In their study, researchers examined how psychiatric risk alleles impact early-onset mental health trajectories and whether these trajectories were later modified by exposure to bullying in late childhood among 3,988 participants of a prospective U.K. population-based cohort.
The investigators estimated developmental trajectories of emotional problems when participants were about 4 to 8 years and about 12 to 17 years of age. Using previous genome-wide association study results from the Psychiatric Genomics Consortium, they indexed psychiatric risk alleles by polygenic risk scores for schizophrenia. They also indexed chronic peer victimization at ages 8.5 and 10.5 years as an environmental exposure.

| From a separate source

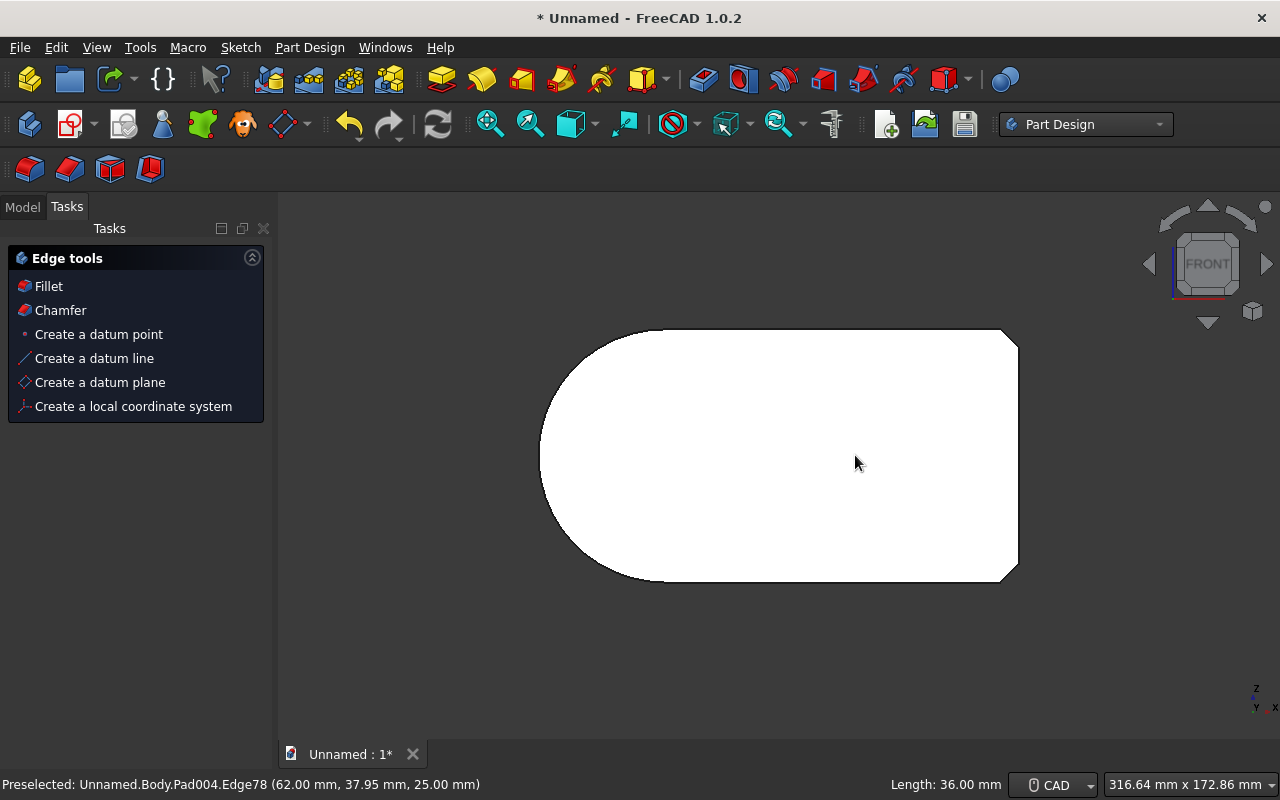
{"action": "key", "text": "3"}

Analysis revealed that higher schizophrenia polygenic risk scores were linked to a trajectory of early-onset increasing emotional problems (OR = 1.18; 95% CI, 1.02-1.36) compared with a trajectory of low-stable emotional problems in the study population. In addition, later exposure to bullying boosted the risk of transitioning from a trajectory of low-stable emotional problems during childhood to an increasing trajectory during adolescence (OR = 2.59; 95% CI, 1.48-4.53).
“The findings suggest that there are at least two routes into an increasing trajectory of emotional problems during adolescence,” Riglin and colleagues wrote. “The first is via genetically influenced childhood-onset emotional problems, which show strong continuity with adolescent emotional problems, and the second is via exposure to peer victimization, which alters the developmental course of individuals who are initially on a low-risk trajectory to a less favorable trajectory.”
The investigators concluded that further research that examines how genetic risk variants collaborate with environmental risk and protective factors on multiple psychiatric outcomes is necessary. “Rigorous methods are needed to know which environmental risk factors are likely causal,” Riglin and colleagues wrote. – by Savannah Demko
Disclosure: The authors report no relevant financial disclosures.